Suppose we’re building a file encryption tool. It is tempting to prompt the user to enter in a password \(w\), hash it using a cryptographic hash function (e.g., SHA256), use \(k=H(w)\) as a symmetric key, and encrypt the file under \(k\). Unfortunately, this has poor security. An attacker could try the \(2^{20}\) most common passwords, hash each one, try decrypting under that key, and see if the decryption looks plausibly like plaintext. Since SHA256 is fast, this attack will be very fast, say one millisecond; and based upon the statistics mentioned above, this attack might succeed half of the time or so.

You can do a little bit better if you use a slow hash to generate the key instead of SHA256. Unfortunately, this isn’t enough to get strong security. For example, suppose we use a slow hash tuned to take 1 millisecond to compute the hash function. Then the attacker can make 1000 guesses per second, and it’ll take only about 15 minutes to try all \(2^{20}\) most likely passwords; 15 minutes to have a 50% chance of breaking the crypto doesn’t sound so hot.

The unavoidable conclusion is that deriving cryptographic keys from passwords, passphrases, or human-memorable secrets is usually not such a great idea. Password-based keys tend to have weak security, so they should be avoided whenever possible. Instead, it is better to use a truly random cryptographic key, e.g., a truly random 128-bit AES key, and find some way for the user to store it securely.

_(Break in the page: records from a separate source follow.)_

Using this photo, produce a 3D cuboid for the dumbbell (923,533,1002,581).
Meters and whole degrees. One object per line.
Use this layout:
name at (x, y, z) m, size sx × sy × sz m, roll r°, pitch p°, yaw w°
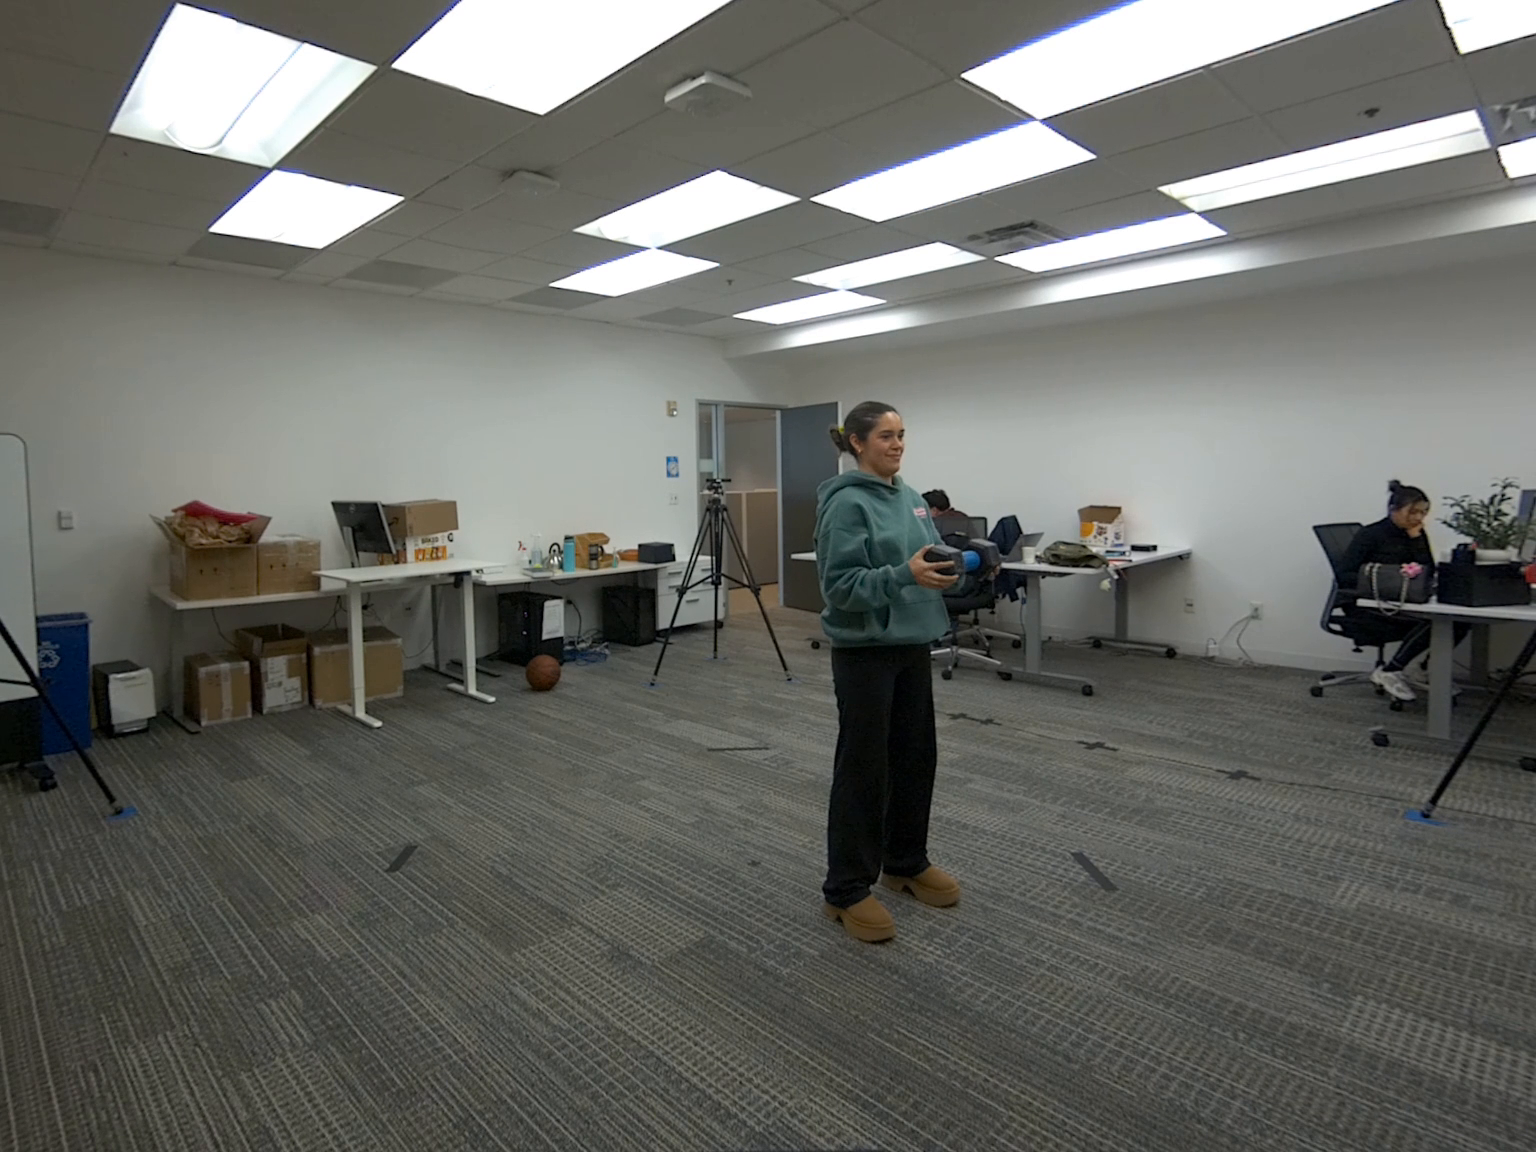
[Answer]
dumbbell at (0.567, -0.040, 2.543) m, size 0.127 × 0.107 × 0.286 m, roll 24°, pitch 22°, yaw 40°
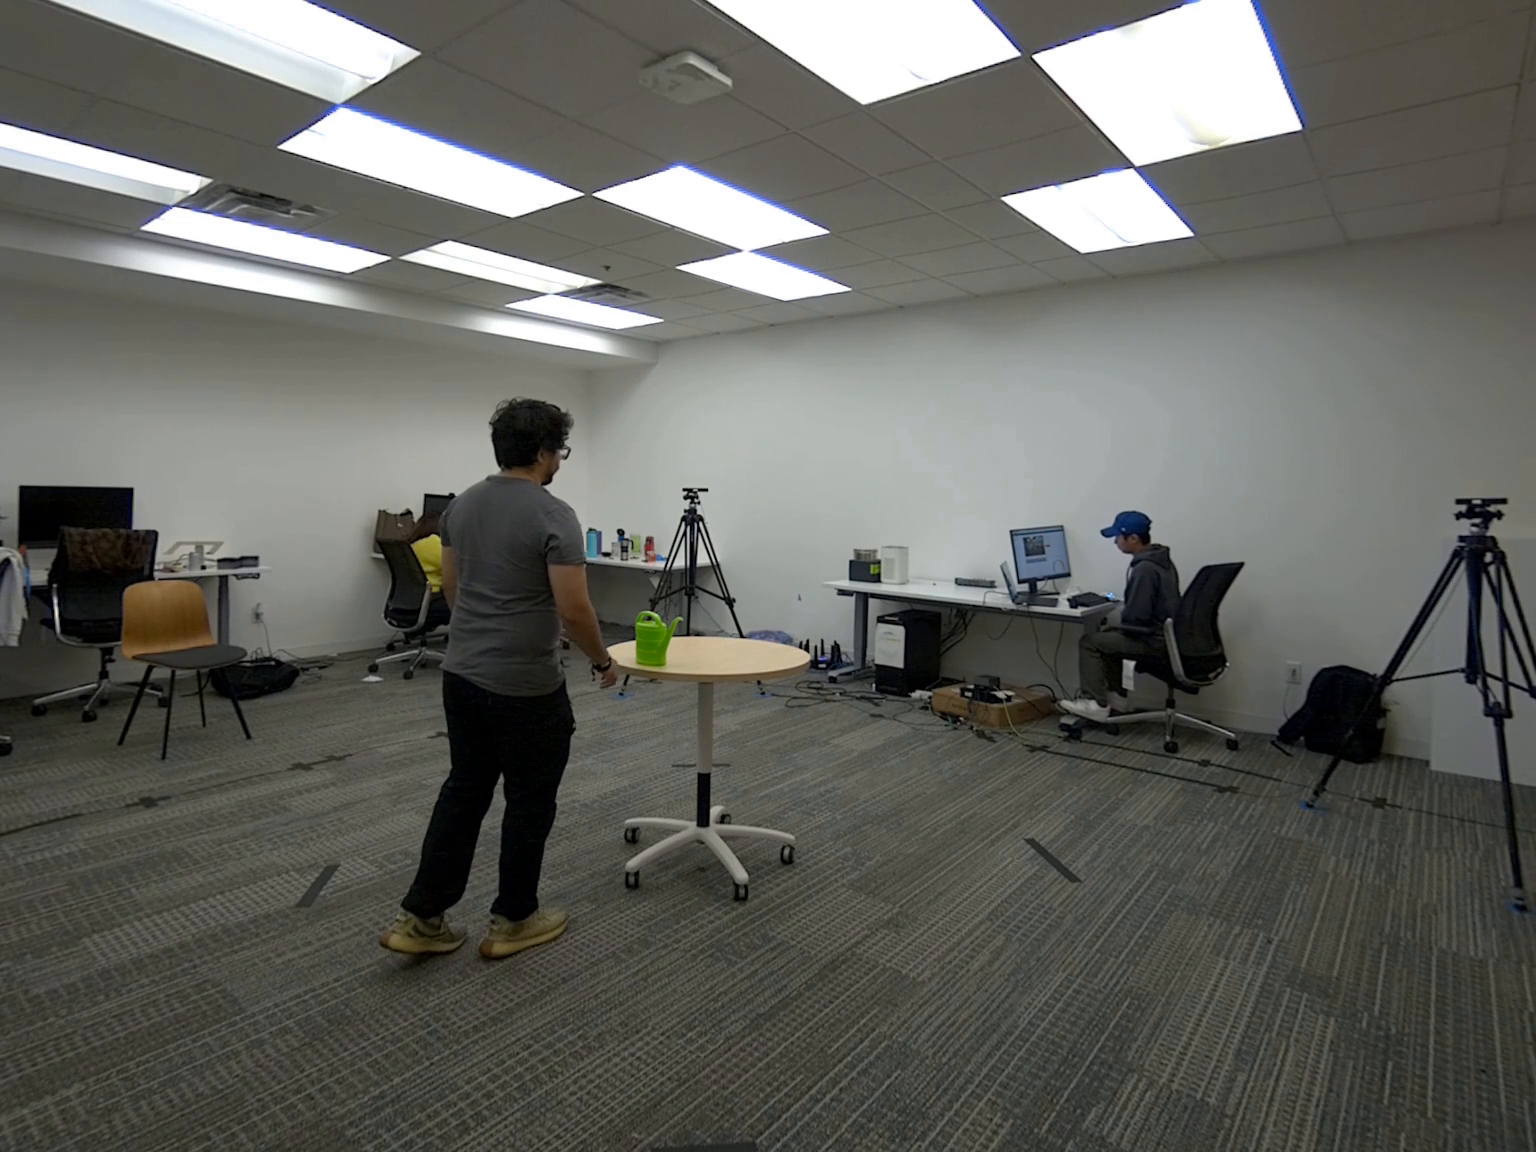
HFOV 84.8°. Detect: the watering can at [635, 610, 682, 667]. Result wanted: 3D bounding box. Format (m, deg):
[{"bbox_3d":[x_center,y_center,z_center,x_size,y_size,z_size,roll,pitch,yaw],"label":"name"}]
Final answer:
[{"bbox_3d":[-0.390,0.214,2.892,0.096,0.176,0.285,-1,3,-24],"label":"watering can"}]
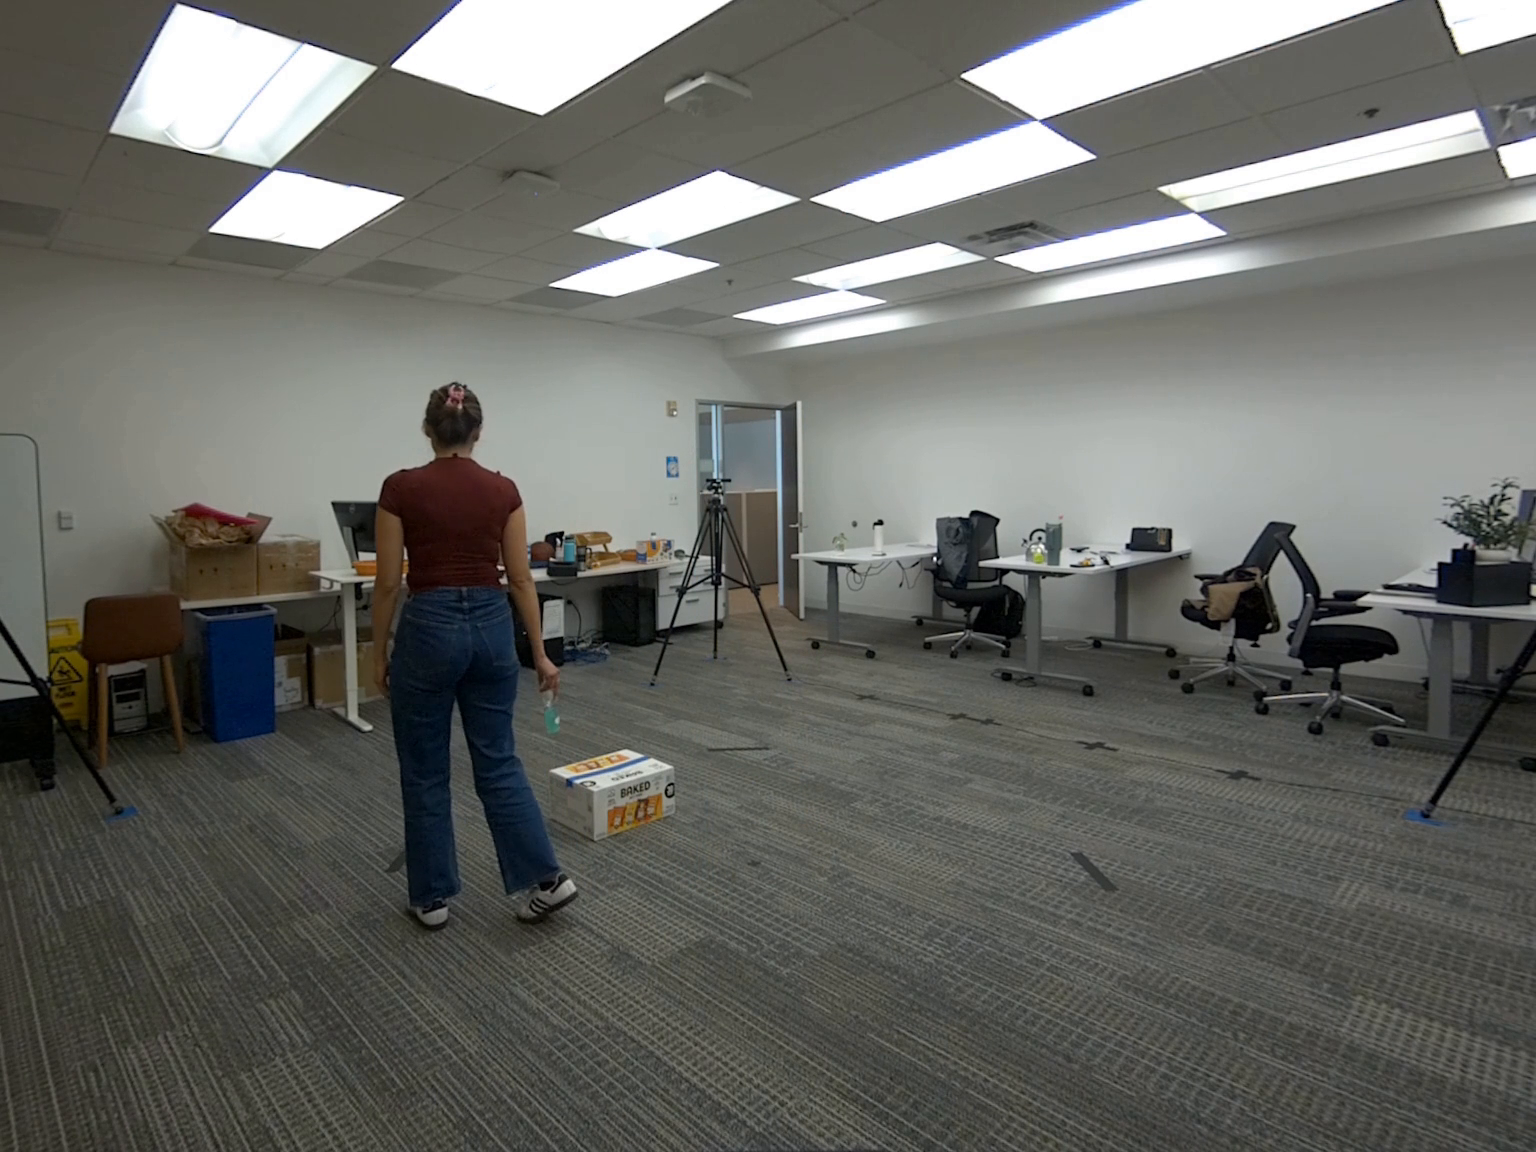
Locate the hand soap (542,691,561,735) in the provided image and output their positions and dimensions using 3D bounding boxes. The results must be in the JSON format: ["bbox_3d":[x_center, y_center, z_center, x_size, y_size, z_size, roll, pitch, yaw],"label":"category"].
[{"bbox_3d":[-0.736,0.439,2.864,0.043,0.168,0.084,-7,2,2],"label":"hand soap"}]

14.10. Alternatives to passwords

Finally, it is worth noting that there are many alternatives to passwords, for authenticating to a server. Some examples include:

We most likely won’t have time to discuss any of these further in this class, but they are worth knowing about, for situations where you need more security than passwords can provide.

14.11. Summary

The bottom line is: don’t store passwords in the clear. Instead, sites should store passwords in hashed form, using a slow cryptographic hash function and a random salt. If the user’s password is \(w\), one can store

\[s,H(H(H(\cdots(H(w,s)) \cdots)))\]

in the database, where \(s\) is a random salt chosen randomly for that user and \(H\) is a standard cryptographic hash function.